(Records drawn from a dataset)
_____

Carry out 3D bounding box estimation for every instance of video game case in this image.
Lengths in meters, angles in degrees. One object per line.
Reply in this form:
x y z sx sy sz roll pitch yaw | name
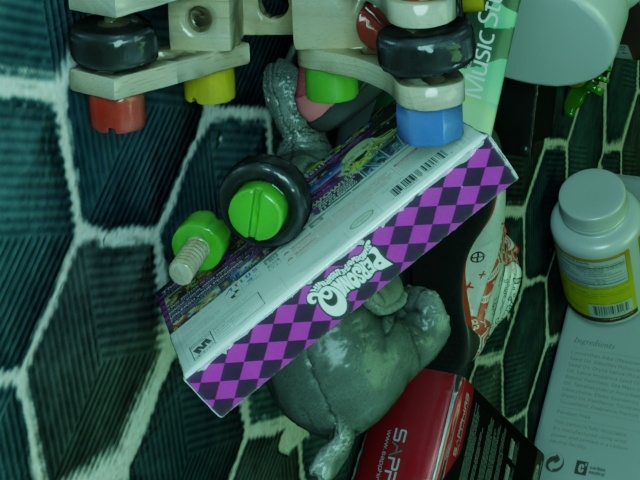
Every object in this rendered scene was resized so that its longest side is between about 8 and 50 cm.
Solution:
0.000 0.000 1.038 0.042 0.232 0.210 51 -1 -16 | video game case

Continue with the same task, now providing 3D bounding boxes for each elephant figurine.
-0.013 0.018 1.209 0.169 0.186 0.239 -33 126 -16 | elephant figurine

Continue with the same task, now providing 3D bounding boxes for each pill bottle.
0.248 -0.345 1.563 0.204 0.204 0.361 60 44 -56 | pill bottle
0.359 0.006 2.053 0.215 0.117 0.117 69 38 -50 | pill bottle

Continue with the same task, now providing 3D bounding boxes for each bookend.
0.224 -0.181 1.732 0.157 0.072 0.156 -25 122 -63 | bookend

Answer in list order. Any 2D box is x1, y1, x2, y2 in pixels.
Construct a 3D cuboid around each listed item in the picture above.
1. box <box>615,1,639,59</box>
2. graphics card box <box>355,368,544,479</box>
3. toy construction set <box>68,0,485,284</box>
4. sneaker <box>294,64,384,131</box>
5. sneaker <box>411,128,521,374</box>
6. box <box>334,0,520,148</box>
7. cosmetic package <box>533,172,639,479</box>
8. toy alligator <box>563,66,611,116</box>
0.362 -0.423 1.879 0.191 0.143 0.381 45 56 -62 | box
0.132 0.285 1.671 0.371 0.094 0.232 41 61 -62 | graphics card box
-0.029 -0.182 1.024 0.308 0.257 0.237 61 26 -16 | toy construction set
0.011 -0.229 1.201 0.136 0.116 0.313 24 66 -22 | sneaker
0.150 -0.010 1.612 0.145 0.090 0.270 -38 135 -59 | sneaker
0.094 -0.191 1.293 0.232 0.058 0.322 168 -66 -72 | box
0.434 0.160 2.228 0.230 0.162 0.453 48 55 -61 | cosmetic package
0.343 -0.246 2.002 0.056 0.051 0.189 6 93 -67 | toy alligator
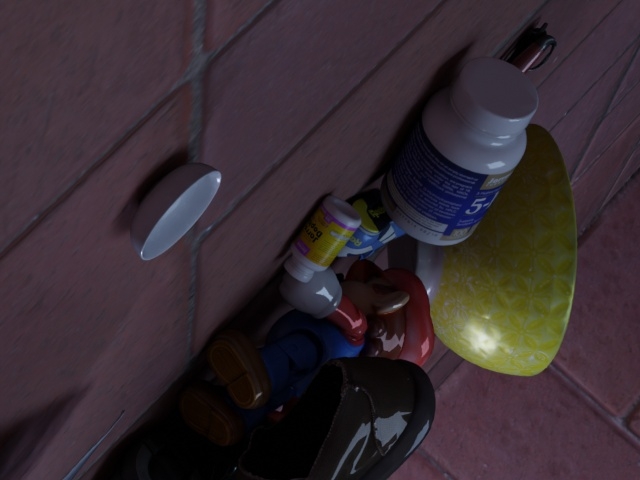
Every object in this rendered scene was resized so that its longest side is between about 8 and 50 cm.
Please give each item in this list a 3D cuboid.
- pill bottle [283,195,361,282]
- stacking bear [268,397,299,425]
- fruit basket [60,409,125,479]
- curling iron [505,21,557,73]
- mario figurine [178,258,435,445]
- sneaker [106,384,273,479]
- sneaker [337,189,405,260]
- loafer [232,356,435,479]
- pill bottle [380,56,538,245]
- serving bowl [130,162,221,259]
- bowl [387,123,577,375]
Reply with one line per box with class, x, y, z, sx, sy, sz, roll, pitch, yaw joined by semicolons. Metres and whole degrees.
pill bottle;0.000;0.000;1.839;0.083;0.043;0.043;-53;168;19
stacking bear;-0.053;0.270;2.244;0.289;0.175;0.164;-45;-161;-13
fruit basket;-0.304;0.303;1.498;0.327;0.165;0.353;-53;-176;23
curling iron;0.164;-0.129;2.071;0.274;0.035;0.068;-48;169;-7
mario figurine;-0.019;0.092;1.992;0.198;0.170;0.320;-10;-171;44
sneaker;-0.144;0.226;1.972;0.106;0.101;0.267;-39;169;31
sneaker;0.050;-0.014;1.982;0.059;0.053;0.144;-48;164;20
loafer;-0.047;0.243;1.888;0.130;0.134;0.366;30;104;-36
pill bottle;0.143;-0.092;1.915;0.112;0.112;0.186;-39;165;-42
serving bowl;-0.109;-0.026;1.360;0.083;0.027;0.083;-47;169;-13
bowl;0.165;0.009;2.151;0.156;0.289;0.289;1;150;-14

_____

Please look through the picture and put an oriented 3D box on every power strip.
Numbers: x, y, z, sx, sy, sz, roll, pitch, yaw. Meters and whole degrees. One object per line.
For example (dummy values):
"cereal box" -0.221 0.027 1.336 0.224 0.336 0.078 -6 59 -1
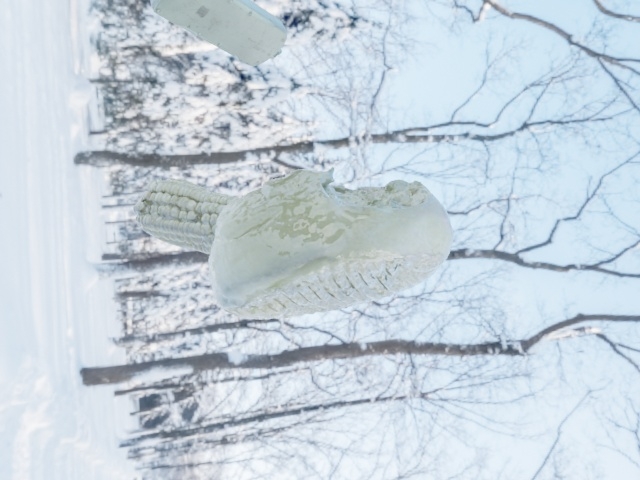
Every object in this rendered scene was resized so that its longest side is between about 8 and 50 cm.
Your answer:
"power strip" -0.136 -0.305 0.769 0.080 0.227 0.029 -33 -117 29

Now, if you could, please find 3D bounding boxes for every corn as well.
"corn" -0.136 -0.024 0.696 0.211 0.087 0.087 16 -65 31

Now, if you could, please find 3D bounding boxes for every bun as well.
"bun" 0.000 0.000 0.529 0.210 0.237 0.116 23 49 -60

_____

> _Task to complete_: From the records above, repeat exactly the lines from the one with "- curling iron [505,21,557,73]" through the one with "- bowl [387,123,577,375]", both included.

> _Solution to this task_:
- curling iron [505,21,557,73]
- mario figurine [178,258,435,445]
- sneaker [106,384,273,479]
- sneaker [337,189,405,260]
- loafer [232,356,435,479]
- pill bottle [380,56,538,245]
- serving bowl [130,162,221,259]
- bowl [387,123,577,375]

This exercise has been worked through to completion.